┌────────

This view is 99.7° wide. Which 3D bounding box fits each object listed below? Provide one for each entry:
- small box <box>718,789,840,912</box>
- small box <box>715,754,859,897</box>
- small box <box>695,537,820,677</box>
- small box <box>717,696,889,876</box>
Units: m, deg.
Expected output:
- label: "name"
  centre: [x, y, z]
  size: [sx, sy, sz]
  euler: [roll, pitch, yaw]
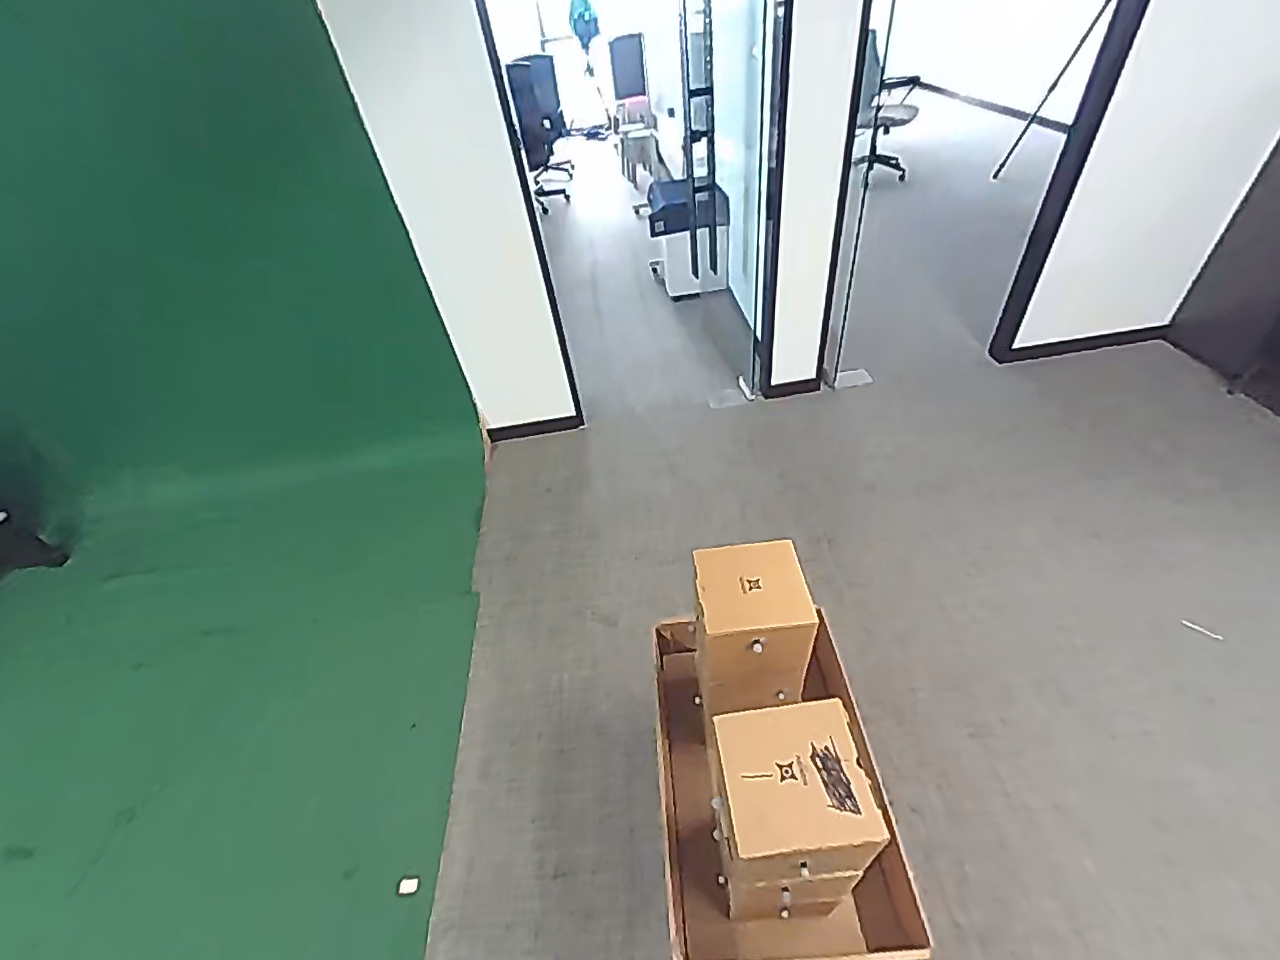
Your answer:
- label: "small box"
  centre: [0.234, 0.648, 0.956]
  size: [0.179, 0.176, 0.168]
  euler: [-4, 44, 3]
- label: "small box"
  centre: [0.218, 0.531, 0.842]
  size: [0.179, 0.176, 0.168]
  euler: [-7, 45, 3]
- label: "small box"
  centre: [0.190, 0.220, 0.930]
  size: [0.179, 0.176, 0.168]
  euler: [-7, 45, 2]
- label: "small box"
  centre: [0.201, 0.413, 0.728]
  size: [0.179, 0.176, 0.168]
  euler: [-8, 45, 1]
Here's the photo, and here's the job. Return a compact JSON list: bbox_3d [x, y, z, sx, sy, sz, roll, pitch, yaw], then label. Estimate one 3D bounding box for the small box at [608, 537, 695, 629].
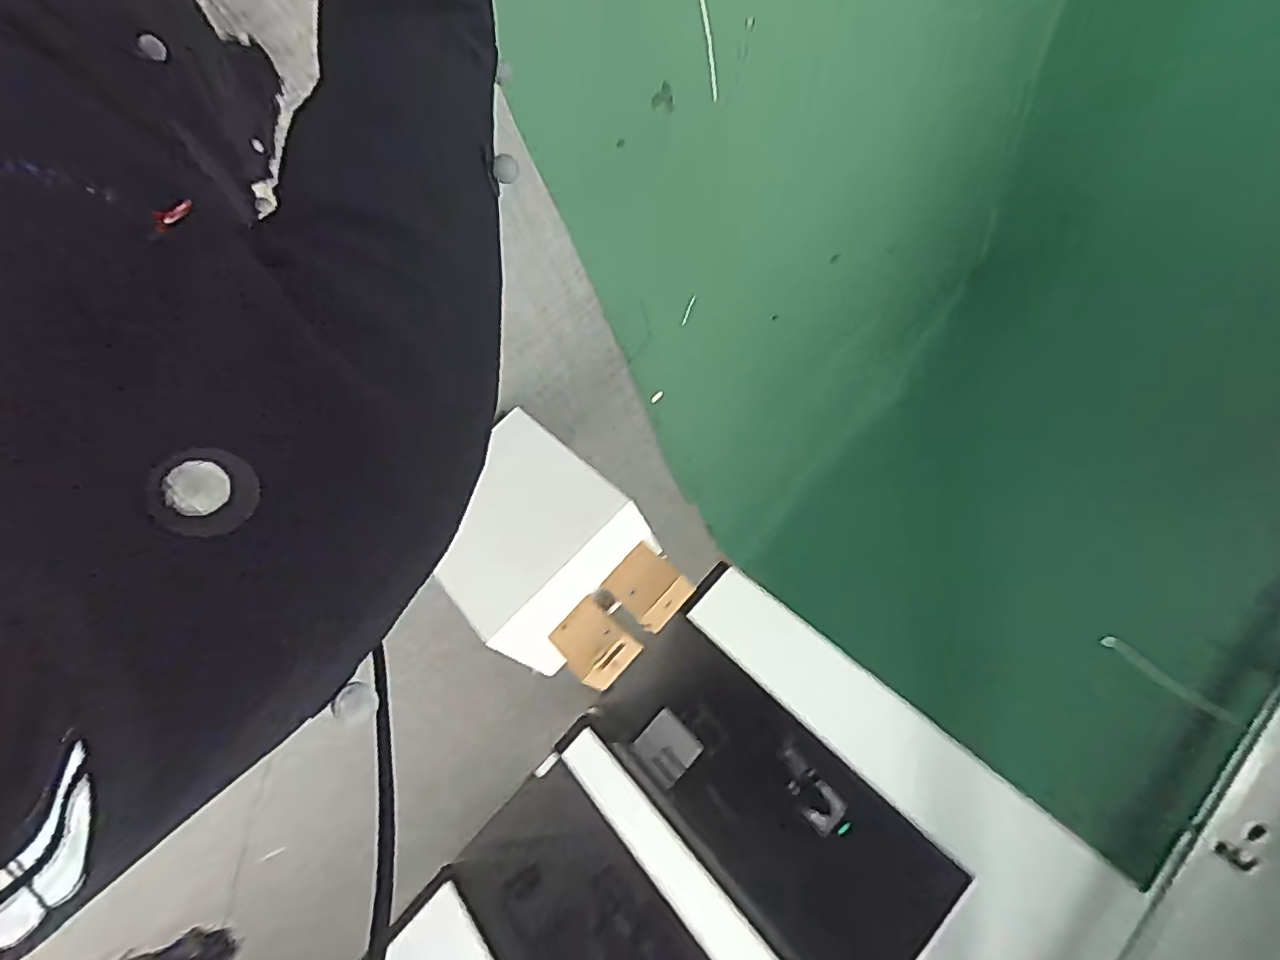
[{"bbox_3d":[0.029,0.302,1.586,0.179,0.176,0.168,-48,149,-7],"label":"small box"}]

└────────

YOUR ASSIGNMENT: Return the material in full and unaltered, minus its pictures.

RESULT OF THIS TASK:
This view is 99.7° wide. Which 3D bounding box fits each object listed below? Provide one for each entry:
- small box <box>718,789,840,912</box>
- small box <box>715,754,859,897</box>
- small box <box>695,537,820,677</box>
- small box <box>717,696,889,876</box>
Units: m, deg.
Expected output:
- label: "name"
  centre: [x, y, z]
  size: [sx, sy, sz]
  euler: [roll, pitch, yaw]
Your answer:
- label: "small box"
  centre: [0.234, 0.648, 0.956]
  size: [0.179, 0.176, 0.168]
  euler: [-4, 44, 3]
- label: "small box"
  centre: [0.218, 0.531, 0.842]
  size: [0.179, 0.176, 0.168]
  euler: [-7, 45, 3]
- label: "small box"
  centre: [0.190, 0.220, 0.930]
  size: [0.179, 0.176, 0.168]
  euler: [-7, 45, 2]
- label: "small box"
  centre: [0.201, 0.413, 0.728]
  size: [0.179, 0.176, 0.168]
  euler: [-8, 45, 1]
Here's the photo, and here's the job. Return a compact JSON list: bbox_3d [x, y, z, sx, sy, sz, roll, pitch, yaw], then label. Estimate one 3D bounding box for the small box at [608, 537, 695, 629].
[{"bbox_3d":[0.029,0.302,1.586,0.179,0.176,0.168,-48,149,-7],"label":"small box"}]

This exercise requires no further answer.